== YOUR TASK ==
Omitting all images, transcribe the entries word for word.
[EXTRACTED MATERIAL]
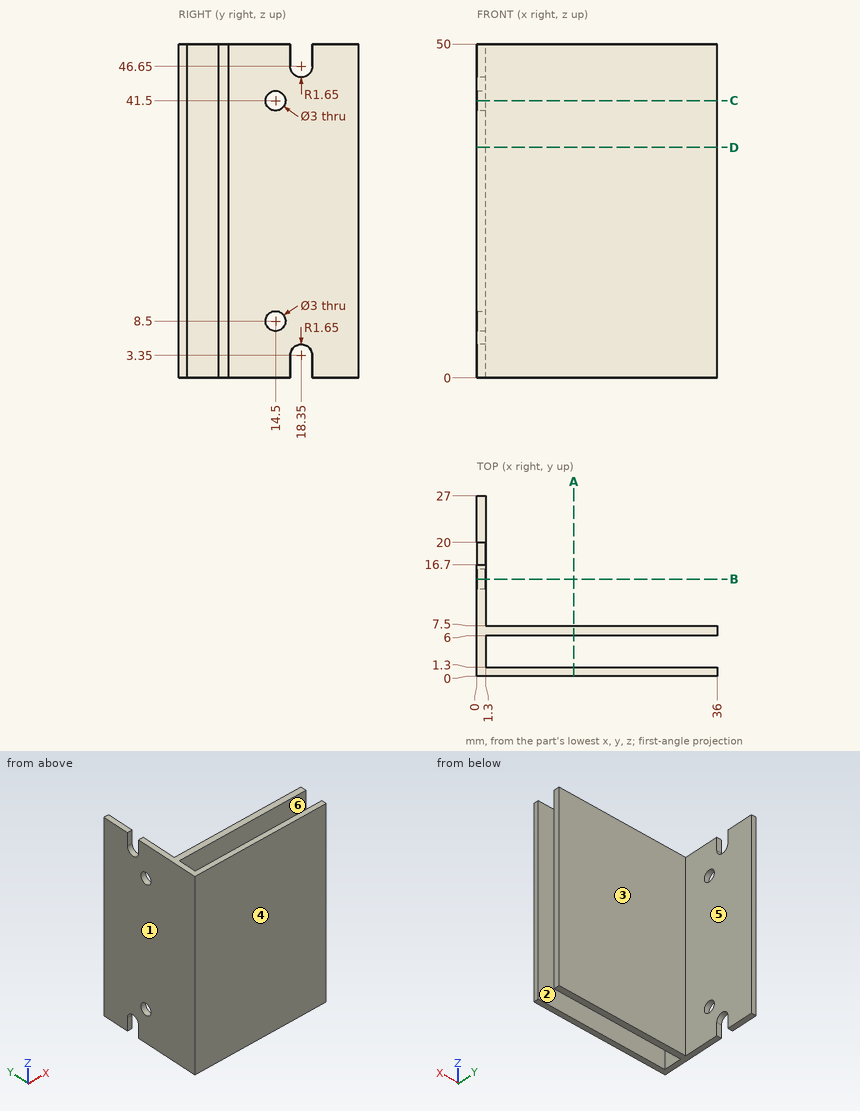
Answer from the drawing. Dimensions are ordinates in mm from the lowest x, y and z of the part. A direction names the side the tool comes from. Round coordinates to 2 decimals unless told otherwise and drop trailing zeros. Loops run counter-clockwise (first coordinate to the right, second up) from the corner with the lowest first, then second, coordinate; pieces in that order, holes last. Notation, with made-up numbers: (23.25, -2) - (61.25, -2) arc R26 cw to (61.25, 28) - close; hole circle Ø10 at (89.5, 23.25). An arc over 180 degrees is marked (long way). One line per item, written item: value.
Q1. Find section C-C on z = 41.5. Give the vertices of the cut face in (x, y), and give its area (3 significant figures).
Check values:
outline: (0, 0) - (36, 0) - (36, 1.3) - (1.3, 1.3) - (1.3, 6) - (36, 6) - (36, 7.5) - (1.3, 7.5) - (1.3, 13) - (0, 13) - close; (0, 16) - (1.3, 16) - (1.3, 27) - (0, 27) - close
area: 128 mm2
Q2. Straight lines are drawn through the part: probe 1 along Y at (x, z) = (0.65, 8.5); probe 2 along Y at (x, z) = (8.5, 45); probe 3 along X at (y, z) = (14.25, 28.5). For each, find the intervals that lie inside material, in ascending order.
Check values:
probe 1: 0 to 13, 16 to 27
probe 2: 0 to 1.3, 6 to 7.5
probe 3: 0 to 1.3
Q3. Find section A-A on x = 14.5. Give the vertices of the cut face in (y, z).
Check values:
outline: (0, 0) - (1.3, 0) - (1.3, 50) - (0, 50) - close; (6, 0) - (7.5, 0) - (7.5, 50) - (6, 50) - close
Q4. Each of these flat-tipped pins is pushed along its axis until it touches: pin 1 Ø12 at (x, z) = (18, 7.5) entering from +Y; pin 2 Ø1.5 at (y, z) = (22, 40) entering from +X. Where does it stop, or does it pass through?
Check values:
pin 1: y = 7.5
pin 2: x = 1.3
Q5. For the marked faces 5 and 6, determine the directions among +Z, -Z, +X, -X, +Y, -Y from which every point of the face is accessible in a straight line to the end or side of a thin tool.
Check values:
face 5: +Z, -Z, +X, +Y
face 6: +Z, -Z, +X
Q6. The mould has two halves that part along Y. Classify the marked faces 1, 2, 3 and 4: +Y half, -Y half, draft (parallel to the pull), parting line (faces both ways), or undercut.
Check values:
face 1: draft
face 2: undercut
face 3: +Y half
face 4: -Y half
Q7. Find section D-D on z = 34.5. Give the vertices of the cut face in (x, y).
Check values:
outline: (0, 0) - (36, 0) - (36, 1.3) - (1.3, 1.3) - (1.3, 6) - (36, 6) - (36, 7.5) - (1.3, 7.5) - (1.3, 27) - (0, 27) - close
Q8. Find section B-B on y = 14.5. Give the vertices of the cut face in (x, z).
Check values:
outline: (0, 0) - (1.3, 0) - (1.3, 7) - (0, 7) - close; (0, 10) - (1.3, 10) - (1.3, 40) - (0, 40) - close; (0, 43) - (1.3, 43) - (1.3, 50) - (0, 50) - close
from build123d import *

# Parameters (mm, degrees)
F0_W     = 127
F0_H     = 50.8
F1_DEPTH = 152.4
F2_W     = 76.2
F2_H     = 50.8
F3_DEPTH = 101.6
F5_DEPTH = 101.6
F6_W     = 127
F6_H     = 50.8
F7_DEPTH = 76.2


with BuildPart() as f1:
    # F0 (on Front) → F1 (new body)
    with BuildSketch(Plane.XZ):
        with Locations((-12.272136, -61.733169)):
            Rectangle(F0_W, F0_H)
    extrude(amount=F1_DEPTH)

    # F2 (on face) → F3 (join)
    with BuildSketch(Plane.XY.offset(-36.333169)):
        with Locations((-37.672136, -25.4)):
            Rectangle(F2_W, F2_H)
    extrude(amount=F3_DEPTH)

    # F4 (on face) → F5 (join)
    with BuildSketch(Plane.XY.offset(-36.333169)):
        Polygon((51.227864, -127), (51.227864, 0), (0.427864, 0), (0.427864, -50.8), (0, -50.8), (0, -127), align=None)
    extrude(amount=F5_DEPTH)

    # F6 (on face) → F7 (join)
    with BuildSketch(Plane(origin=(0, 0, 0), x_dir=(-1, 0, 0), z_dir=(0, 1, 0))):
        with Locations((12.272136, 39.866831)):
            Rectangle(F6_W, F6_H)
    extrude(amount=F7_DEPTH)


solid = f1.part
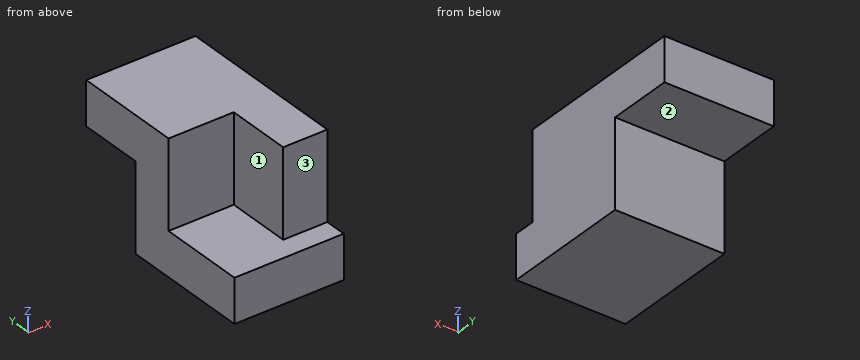
Could you check a few things on this model? Use its own coordinates, in mm. Face numbers are marked on the shaded views. A direction names the side the tool comes from. Coordinates: 2 decimals unless noted, no trailing zeros. Loops run counter-clockwise (first coordinate to the right, second up) from the corner with the lowest first, then second, coordinate; pieces in that order, holes last. Notation, with made-up numbers: (-38.5, -8.75) -> (-7.5, -8.75) arc R11 cw to (-7.5, 0.25) -> close; hole circle Ø6 at (53.25, 46.25). An arc over 180 degrees is marked (long way). Answer in a Markdown table with one row per item.
(1) Will these pins go through, and if not, where does the flat tip stop? pin 1 Ø2 at (x, y) = (-33, -123.5) entering from +Z; pin 2 Ø12 at (x, z) = (-38, -70.5) entering from +Y; pin 3 Ø1.5 at (x, z) = (6.5, 42.5) entering from -Y.
Results found:
| item | result |
|---|---|
| pin 1 | stops at z = -36.33 |
| pin 2 | stops at y = 0 |
| pin 3 | stops at y = -127 |
(2) Imagine slicing it at C-C (y = -124). List the corners of the cut face in (x, z) for me.
Results found:
| item | result |
|---|---|
| outline | (-75.77, -87.13) -> (51.23, -87.13) -> (51.23, 65.27) -> (0, 65.27) -> (0, -36.33) -> (-75.77, -36.33) -> close |
(3) Imagine slicing it at B-B (z = -32.5). List the corners of the cut face in (x, y) for me, plus the area to 3 significant figures.
Results found:
| item | result |
|---|---|
| outline | (-75.77, -50.8) -> (0, -50.8) -> (0, -127) -> (51.23, -127) -> (51.23, 0) -> (-75.77, 0) -> close |
| area | 10,400 mm^2 |
(4) If I drill on probe 1 along Y at (x, z) = (21.5, -60); probe 2 along Y at (x, z) = (34, 16); probe 3 along X at (y, z) = (-76, -31), over which ranges is the centre line in solid material (lowest first)?
Results found:
| item | result |
|---|---|
| probe 1 | y = -152.4 to 0 |
| probe 2 | y = -127 to 76.2 |
| probe 3 | x = 0 to 51.23 |
(5) For the marked faces 1, 2 and 3, which set-ups out of +Z, -Z, +X, -X, +Y, -Y let a thin tool reach every point of the face, with its end or its side?
Results found:
| item | result |
|---|---|
| face 1 | +Z, -X, -Y |
| face 2 | -Z, +X, -X, +Y |
| face 3 | +Z, +X, -X, -Y |
(6) Imagine slicing it at D-D (x = -60.5). List the corners of the cut face in (y, z) for me, plus the area to 3 significant figures.
Results found:
| item | result |
|---|---|
| outline | (-152.4, -87.13) -> (0, -87.13) -> (0, 14.47) -> (76.2, 14.47) -> (76.2, 65.27) -> (-50.8, 65.27) -> (-50.8, -36.33) -> (-152.4, -36.33) -> close |
| area | 16,800 mm^2 |
(7) Imagine slicing it at A-A (x = 41). List the corners of the cut face in (y, z) for me, plus the area to 3 significant figures.
Results found:
| item | result |
|---|---|
| outline | (-152.4, -87.13) -> (0, -87.13) -> (0, 14.47) -> (76.2, 14.47) -> (76.2, 65.27) -> (-127, 65.27) -> (-127, -36.33) -> (-152.4, -36.33) -> close |
| area | 24,500 mm^2 |
[/EXTRACTED MATERIAL]
== SOLUTION TO THIS PROBLEM ==
Answer from the drawing. Dimensions are ordinates in mm from the lowest x, y and z of the part. A direction names the side the tool comes from. Round coordinates to 2 decimals unless told otherwise and drop trailing zeros. Loops run counter-clockwise (first coordinate to the right, second up) from the corner with the lowest first, then second, coordinate; pieces in that order, holes last. Notation, with made-up numbers: (23.25, -2) - (61.25, -2) arc R26 cw to (61.25, 28) - close; hole circle Ø10 at (89.5, 23.25). An arc over 180 degrees is marked (long way). One line per item, written item: value.
Q1. Find section C-C on z = 41.5. Give the vertices of the cut face in (x, y), and give its area (3 significant figures).
Check values:
outline: (0, 0) - (36, 0) - (36, 1.3) - (1.3, 1.3) - (1.3, 6) - (36, 6) - (36, 7.5) - (1.3, 7.5) - (1.3, 13) - (0, 13) - close; (0, 16) - (1.3, 16) - (1.3, 27) - (0, 27) - close
area: 128 mm2
Q2. Straight lines are drawn through the part: probe 1 along Y at (x, z) = (0.65, 8.5); probe 2 along Y at (x, z) = (8.5, 45); probe 3 along X at (y, z) = (14.25, 28.5). For each, find the intervals that lie inside material, in ascending order.
Check values:
probe 1: 0 to 13, 16 to 27
probe 2: 0 to 1.3, 6 to 7.5
probe 3: 0 to 1.3
Q3. Find section A-A on x = 14.5. Give the vertices of the cut face in (y, z).
Check values:
outline: (0, 0) - (1.3, 0) - (1.3, 50) - (0, 50) - close; (6, 0) - (7.5, 0) - (7.5, 50) - (6, 50) - close
Q4. Each of these flat-tipped pins is pushed along its axis until it touches: pin 1 Ø12 at (x, z) = (18, 7.5) entering from +Y; pin 2 Ø1.5 at (y, z) = (22, 40) entering from +X. Where does it stop, or does it pass through?
Check values:
pin 1: y = 7.5
pin 2: x = 1.3
Q5. For the marked faces 5 and 6, determine the directions among +Z, -Z, +X, -X, +Y, -Y from which every point of the face is accessible in a straight line to the end or side of a thin tool.
Check values:
face 5: +Z, -Z, +X, +Y
face 6: +Z, -Z, +X
Q6. The mould has two halves that part along Y. Classify the marked faces 1, 2, 3 and 4: +Y half, -Y half, draft (parallel to the pull), parting line (faces both ways), or undercut.
Check values:
face 1: draft
face 2: undercut
face 3: +Y half
face 4: -Y half
Q7. Find section D-D on z = 34.5. Give the vertices of the cut face in (x, y).
Check values:
outline: (0, 0) - (36, 0) - (36, 1.3) - (1.3, 1.3) - (1.3, 6) - (36, 6) - (36, 7.5) - (1.3, 7.5) - (1.3, 27) - (0, 27) - close
Q8. Find section B-B on y = 14.5. Give the vertices of the cut face in (x, z).
Check values:
outline: (0, 0) - (1.3, 0) - (1.3, 7) - (0, 7) - close; (0, 10) - (1.3, 10) - (1.3, 40) - (0, 40) - close; (0, 43) - (1.3, 43) - (1.3, 50) - (0, 50) - close
from build123d import *

# Parameters (mm, degrees)
F0_W     = 127
F0_H     = 50.8
F1_DEPTH = 152.4
F2_W     = 76.2
F2_H     = 50.8
F3_DEPTH = 101.6
F5_DEPTH = 101.6
F6_W     = 127
F6_H     = 50.8
F7_DEPTH = 76.2


with BuildPart() as f1:
    # F0 (on Front) → F1 (new body)
    with BuildSketch(Plane.XZ):
        with Locations((-12.272136, -61.733169)):
            Rectangle(F0_W, F0_H)
    extrude(amount=F1_DEPTH)

    # F2 (on face) → F3 (join)
    with BuildSketch(Plane.XY.offset(-36.333169)):
        with Locations((-37.672136, -25.4)):
            Rectangle(F2_W, F2_H)
    extrude(amount=F3_DEPTH)

    # F4 (on face) → F5 (join)
    with BuildSketch(Plane.XY.offset(-36.333169)):
        Polygon((51.227864, -127), (51.227864, 0), (0.427864, 0), (0.427864, -50.8), (0, -50.8), (0, -127), align=None)
    extrude(amount=F5_DEPTH)

    # F6 (on face) → F7 (join)
    with BuildSketch(Plane(origin=(0, 0, 0), x_dir=(-1, 0, 0), z_dir=(0, 1, 0))):
        with Locations((12.272136, 39.866831)):
            Rectangle(F6_W, F6_H)
    extrude(amount=F7_DEPTH)


solid = f1.part
Could you check a few things on this model? Use its own coordinates, in mm. Face numbers are marked on the shaded views. A direction names the side the tool comes from. Coordinates: 2 decimals unless noted, no trailing zeros. Loops run counter-clockwise (first coordinate to the right, second up) from the corner with the lowest first, then second, coordinate; pieces in that order, holes last. Notation, with made-up numbers: (-38.5, -8.75) -> (-7.5, -8.75) arc R11 cw to (-7.5, 0.25) -> close; hole circle Ø6 at (53.25, 46.25). An arc over 180 degrees is marked (long way). Answer in a Markdown table with one row per item.
(1) Will these pins go through, and if not, where does the flat tip stop? pin 1 Ø2 at (x, y) = (-33, -123.5) entering from +Z; pin 2 Ø12 at (x, z) = (-38, -70.5) entering from +Y; pin 3 Ø1.5 at (x, z) = (6.5, 42.5) entering from -Y.
Results found:
| item | result |
|---|---|
| pin 1 | stops at z = -36.33 |
| pin 2 | stops at y = 0 |
| pin 3 | stops at y = -127 |
(2) Imagine slicing it at C-C (y = -124). List the corners of the cut face in (x, z) for me.
Results found:
| item | result |
|---|---|
| outline | (-75.77, -87.13) -> (51.23, -87.13) -> (51.23, 65.27) -> (0, 65.27) -> (0, -36.33) -> (-75.77, -36.33) -> close |
(3) Imagine slicing it at B-B (z = -32.5). List the corners of the cut face in (x, y) for me, plus the area to 3 significant figures.
Results found:
| item | result |
|---|---|
| outline | (-75.77, -50.8) -> (0, -50.8) -> (0, -127) -> (51.23, -127) -> (51.23, 0) -> (-75.77, 0) -> close |
| area | 10,400 mm^2 |
(4) If I drill on probe 1 along Y at (x, z) = (21.5, -60); probe 2 along Y at (x, z) = (34, 16); probe 3 along X at (y, z) = (-76, -31), over which ranges is the centre line in solid material (lowest first)?
Results found:
| item | result |
|---|---|
| probe 1 | y = -152.4 to 0 |
| probe 2 | y = -127 to 76.2 |
| probe 3 | x = 0 to 51.23 |
(5) For the marked faces 1, 2 and 3, which set-ups out of +Z, -Z, +X, -X, +Y, -Y let a thin tool reach every point of the face, with its end or its side?
Results found:
| item | result |
|---|---|
| face 1 | +Z, -X, -Y |
| face 2 | -Z, +X, -X, +Y |
| face 3 | +Z, +X, -X, -Y |
(6) Imagine slicing it at D-D (x = -60.5). List the corners of the cut face in (y, z) for me, plus the area to 3 significant figures.
Results found:
| item | result |
|---|---|
| outline | (-152.4, -87.13) -> (0, -87.13) -> (0, 14.47) -> (76.2, 14.47) -> (76.2, 65.27) -> (-50.8, 65.27) -> (-50.8, -36.33) -> (-152.4, -36.33) -> close |
| area | 16,800 mm^2 |
(7) Imagine slicing it at A-A (x = 41). List the corners of the cut face in (y, z) for me, plus the area to 3 significant figures.
Results found:
| item | result |
|---|---|
| outline | (-152.4, -87.13) -> (0, -87.13) -> (0, 14.47) -> (76.2, 14.47) -> (76.2, 65.27) -> (-127, 65.27) -> (-127, -36.33) -> (-152.4, -36.33) -> close |
| area | 24,500 mm^2 |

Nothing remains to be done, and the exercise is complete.